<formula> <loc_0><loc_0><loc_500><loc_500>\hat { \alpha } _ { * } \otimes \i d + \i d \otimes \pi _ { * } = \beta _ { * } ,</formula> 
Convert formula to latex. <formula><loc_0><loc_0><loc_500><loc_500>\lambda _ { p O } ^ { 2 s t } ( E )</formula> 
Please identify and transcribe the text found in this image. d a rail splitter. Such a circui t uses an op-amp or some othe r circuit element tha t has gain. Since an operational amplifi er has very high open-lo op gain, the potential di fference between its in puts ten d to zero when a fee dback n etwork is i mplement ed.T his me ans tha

_____

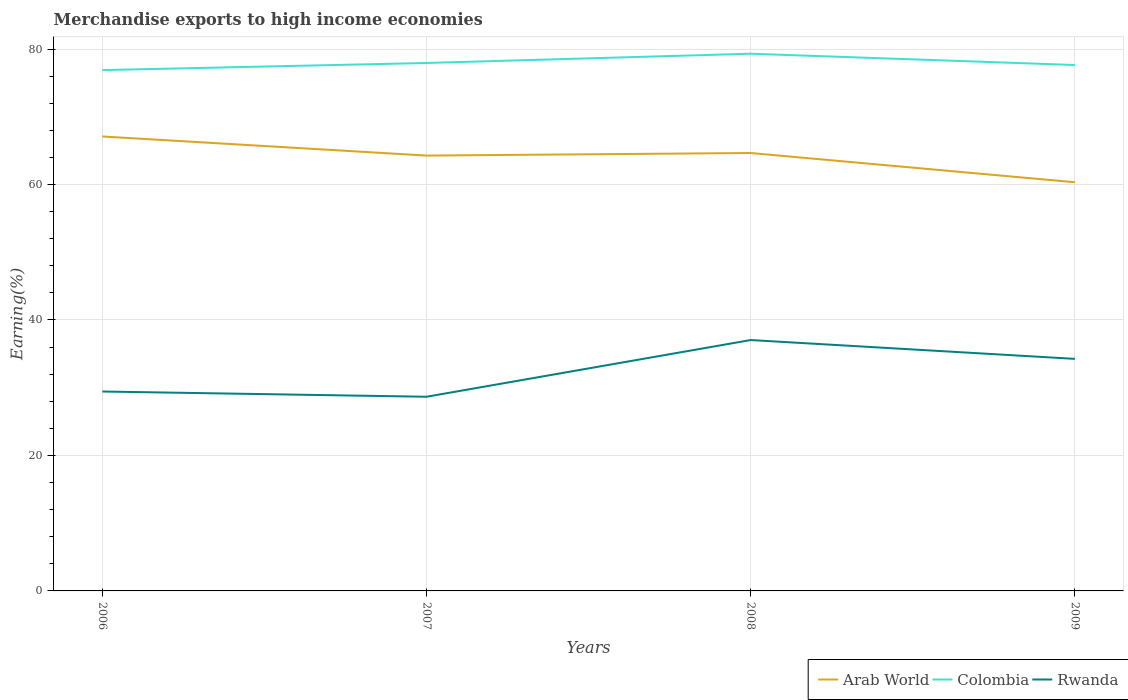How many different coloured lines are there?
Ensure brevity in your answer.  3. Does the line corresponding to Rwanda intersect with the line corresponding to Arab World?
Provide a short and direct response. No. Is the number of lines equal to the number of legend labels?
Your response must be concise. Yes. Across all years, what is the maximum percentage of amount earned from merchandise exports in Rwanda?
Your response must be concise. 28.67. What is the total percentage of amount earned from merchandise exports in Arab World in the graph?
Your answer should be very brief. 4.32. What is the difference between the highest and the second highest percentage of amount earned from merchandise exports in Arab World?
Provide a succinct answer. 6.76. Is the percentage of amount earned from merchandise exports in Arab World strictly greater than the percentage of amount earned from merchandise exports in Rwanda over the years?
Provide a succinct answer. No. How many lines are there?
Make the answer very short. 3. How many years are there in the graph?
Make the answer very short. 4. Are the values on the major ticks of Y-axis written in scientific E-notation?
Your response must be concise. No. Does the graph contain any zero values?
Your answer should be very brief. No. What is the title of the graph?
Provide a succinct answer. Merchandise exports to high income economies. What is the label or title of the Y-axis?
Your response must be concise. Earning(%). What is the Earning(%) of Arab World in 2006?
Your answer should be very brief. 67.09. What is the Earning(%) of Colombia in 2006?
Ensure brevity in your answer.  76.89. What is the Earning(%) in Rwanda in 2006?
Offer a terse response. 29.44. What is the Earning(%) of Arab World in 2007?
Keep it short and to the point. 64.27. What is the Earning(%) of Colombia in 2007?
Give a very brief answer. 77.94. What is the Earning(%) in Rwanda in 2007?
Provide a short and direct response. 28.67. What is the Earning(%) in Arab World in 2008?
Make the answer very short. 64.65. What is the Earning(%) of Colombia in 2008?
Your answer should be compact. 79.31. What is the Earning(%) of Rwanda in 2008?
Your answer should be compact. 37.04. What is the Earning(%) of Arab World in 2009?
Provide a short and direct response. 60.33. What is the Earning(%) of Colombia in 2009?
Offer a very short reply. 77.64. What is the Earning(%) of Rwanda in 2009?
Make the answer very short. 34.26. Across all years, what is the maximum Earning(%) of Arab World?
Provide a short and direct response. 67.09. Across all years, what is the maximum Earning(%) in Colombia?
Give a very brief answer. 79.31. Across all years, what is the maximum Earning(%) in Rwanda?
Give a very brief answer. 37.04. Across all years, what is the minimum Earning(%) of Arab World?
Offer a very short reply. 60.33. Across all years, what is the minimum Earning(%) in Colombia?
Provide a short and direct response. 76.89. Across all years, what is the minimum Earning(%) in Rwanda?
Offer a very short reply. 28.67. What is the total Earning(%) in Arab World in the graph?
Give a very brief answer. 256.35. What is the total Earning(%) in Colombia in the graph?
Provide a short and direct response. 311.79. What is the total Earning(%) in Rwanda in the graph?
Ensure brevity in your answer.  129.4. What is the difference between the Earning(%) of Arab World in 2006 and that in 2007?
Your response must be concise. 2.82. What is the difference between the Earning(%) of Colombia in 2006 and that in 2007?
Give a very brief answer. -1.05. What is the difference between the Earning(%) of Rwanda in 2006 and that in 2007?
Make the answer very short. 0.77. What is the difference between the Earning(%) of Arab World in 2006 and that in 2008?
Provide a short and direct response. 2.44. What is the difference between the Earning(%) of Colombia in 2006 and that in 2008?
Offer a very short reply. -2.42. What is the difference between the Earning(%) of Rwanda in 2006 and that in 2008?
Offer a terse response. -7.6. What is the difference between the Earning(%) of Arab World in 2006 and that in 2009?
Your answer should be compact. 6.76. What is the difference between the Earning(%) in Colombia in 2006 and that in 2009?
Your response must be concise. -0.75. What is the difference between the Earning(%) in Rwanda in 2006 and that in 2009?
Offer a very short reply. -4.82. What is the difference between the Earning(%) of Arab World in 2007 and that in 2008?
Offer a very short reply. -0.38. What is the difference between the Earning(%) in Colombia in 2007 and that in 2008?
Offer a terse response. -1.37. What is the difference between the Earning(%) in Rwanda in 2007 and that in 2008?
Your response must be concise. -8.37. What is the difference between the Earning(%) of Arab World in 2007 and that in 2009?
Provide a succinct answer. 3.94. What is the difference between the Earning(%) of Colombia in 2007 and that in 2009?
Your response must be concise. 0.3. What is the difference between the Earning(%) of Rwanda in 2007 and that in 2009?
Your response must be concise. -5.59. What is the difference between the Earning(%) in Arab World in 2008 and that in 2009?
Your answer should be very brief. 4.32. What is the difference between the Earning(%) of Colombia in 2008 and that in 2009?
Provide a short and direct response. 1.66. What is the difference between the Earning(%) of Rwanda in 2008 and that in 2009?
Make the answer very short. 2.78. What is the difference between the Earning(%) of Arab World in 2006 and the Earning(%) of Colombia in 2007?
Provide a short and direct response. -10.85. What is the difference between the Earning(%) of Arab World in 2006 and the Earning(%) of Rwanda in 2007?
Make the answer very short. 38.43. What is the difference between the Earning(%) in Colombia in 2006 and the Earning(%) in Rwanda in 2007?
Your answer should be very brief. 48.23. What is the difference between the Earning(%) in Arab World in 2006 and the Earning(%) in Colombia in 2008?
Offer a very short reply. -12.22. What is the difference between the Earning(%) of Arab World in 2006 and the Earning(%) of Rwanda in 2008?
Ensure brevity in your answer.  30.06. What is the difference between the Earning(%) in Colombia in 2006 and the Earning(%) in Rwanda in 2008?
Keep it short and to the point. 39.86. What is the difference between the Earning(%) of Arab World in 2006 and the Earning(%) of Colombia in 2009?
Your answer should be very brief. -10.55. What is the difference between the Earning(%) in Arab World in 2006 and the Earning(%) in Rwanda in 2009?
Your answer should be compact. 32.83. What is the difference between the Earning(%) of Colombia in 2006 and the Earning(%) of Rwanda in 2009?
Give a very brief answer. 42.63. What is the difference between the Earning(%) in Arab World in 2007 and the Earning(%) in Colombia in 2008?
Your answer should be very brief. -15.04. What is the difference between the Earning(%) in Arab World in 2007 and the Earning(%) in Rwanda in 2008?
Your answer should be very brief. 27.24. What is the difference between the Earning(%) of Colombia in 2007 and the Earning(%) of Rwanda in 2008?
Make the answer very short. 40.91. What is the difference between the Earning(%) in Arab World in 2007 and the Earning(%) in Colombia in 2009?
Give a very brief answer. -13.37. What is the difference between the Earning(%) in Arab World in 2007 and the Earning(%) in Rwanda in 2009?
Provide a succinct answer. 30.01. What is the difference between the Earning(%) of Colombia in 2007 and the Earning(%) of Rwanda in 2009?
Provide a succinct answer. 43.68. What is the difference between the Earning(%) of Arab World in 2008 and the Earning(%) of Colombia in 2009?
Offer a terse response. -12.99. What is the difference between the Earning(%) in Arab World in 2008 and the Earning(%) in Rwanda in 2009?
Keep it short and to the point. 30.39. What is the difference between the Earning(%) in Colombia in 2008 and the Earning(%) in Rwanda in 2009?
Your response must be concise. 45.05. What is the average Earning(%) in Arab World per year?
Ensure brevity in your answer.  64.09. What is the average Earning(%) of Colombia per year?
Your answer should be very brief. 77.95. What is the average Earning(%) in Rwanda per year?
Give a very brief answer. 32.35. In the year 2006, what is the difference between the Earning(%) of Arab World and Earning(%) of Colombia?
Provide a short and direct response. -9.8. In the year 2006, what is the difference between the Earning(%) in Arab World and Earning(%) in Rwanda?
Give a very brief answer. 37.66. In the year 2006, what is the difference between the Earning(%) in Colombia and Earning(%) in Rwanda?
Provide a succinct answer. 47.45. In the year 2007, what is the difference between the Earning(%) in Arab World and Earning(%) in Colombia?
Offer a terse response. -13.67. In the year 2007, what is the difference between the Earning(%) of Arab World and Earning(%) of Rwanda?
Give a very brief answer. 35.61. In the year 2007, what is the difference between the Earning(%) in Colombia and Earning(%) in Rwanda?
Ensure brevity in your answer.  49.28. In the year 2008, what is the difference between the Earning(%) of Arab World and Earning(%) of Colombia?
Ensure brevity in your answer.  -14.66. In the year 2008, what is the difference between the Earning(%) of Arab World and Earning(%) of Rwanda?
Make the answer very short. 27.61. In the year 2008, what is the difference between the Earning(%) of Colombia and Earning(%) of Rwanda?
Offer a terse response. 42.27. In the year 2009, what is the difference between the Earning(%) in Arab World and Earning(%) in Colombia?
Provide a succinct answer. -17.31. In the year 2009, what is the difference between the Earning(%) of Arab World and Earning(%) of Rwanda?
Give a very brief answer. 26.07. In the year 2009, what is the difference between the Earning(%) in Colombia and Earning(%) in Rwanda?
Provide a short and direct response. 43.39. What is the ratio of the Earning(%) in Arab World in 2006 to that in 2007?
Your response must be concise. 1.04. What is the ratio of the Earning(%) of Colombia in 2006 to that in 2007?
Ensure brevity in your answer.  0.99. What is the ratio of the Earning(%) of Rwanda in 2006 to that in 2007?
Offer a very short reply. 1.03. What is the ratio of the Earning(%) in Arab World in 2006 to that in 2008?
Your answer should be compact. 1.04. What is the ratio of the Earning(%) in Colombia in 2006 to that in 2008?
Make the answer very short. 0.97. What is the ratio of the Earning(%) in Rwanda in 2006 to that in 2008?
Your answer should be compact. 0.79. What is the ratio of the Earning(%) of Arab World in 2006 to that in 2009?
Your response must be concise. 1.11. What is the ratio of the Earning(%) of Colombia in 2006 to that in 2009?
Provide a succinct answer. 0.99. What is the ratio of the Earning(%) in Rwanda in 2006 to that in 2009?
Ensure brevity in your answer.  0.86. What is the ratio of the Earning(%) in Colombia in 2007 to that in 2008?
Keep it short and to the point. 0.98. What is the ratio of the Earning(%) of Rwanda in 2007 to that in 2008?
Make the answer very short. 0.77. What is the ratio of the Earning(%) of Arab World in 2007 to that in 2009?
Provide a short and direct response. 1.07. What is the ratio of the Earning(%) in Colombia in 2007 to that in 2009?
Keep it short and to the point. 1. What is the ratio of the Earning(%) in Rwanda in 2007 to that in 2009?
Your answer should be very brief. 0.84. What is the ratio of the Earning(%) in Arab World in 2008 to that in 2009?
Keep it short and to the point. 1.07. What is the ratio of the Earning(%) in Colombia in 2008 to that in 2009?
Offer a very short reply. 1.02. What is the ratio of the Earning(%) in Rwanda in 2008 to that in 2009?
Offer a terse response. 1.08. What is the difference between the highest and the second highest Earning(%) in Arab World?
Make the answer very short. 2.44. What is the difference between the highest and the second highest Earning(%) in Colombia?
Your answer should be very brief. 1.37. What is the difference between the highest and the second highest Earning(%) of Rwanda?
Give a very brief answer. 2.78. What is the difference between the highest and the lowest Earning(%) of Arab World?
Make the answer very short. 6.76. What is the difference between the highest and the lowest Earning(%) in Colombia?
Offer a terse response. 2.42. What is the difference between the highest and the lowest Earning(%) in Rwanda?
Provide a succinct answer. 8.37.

_____

• _REQUIRED ACTION_: Print the lines above from the one with "Make the answer very short. 2.44." through the one with "Your answer should be very brief. 1.37.", both included, exactly as written and nothing more.

• _FINAL ANSWER_:
Make the answer very short. 2.44. What is the difference between the highest and the second highest Earning(%) in Colombia?
Your answer should be very brief. 1.37. What is the difference between the highest and the second highest Earning(%) of Rwanda?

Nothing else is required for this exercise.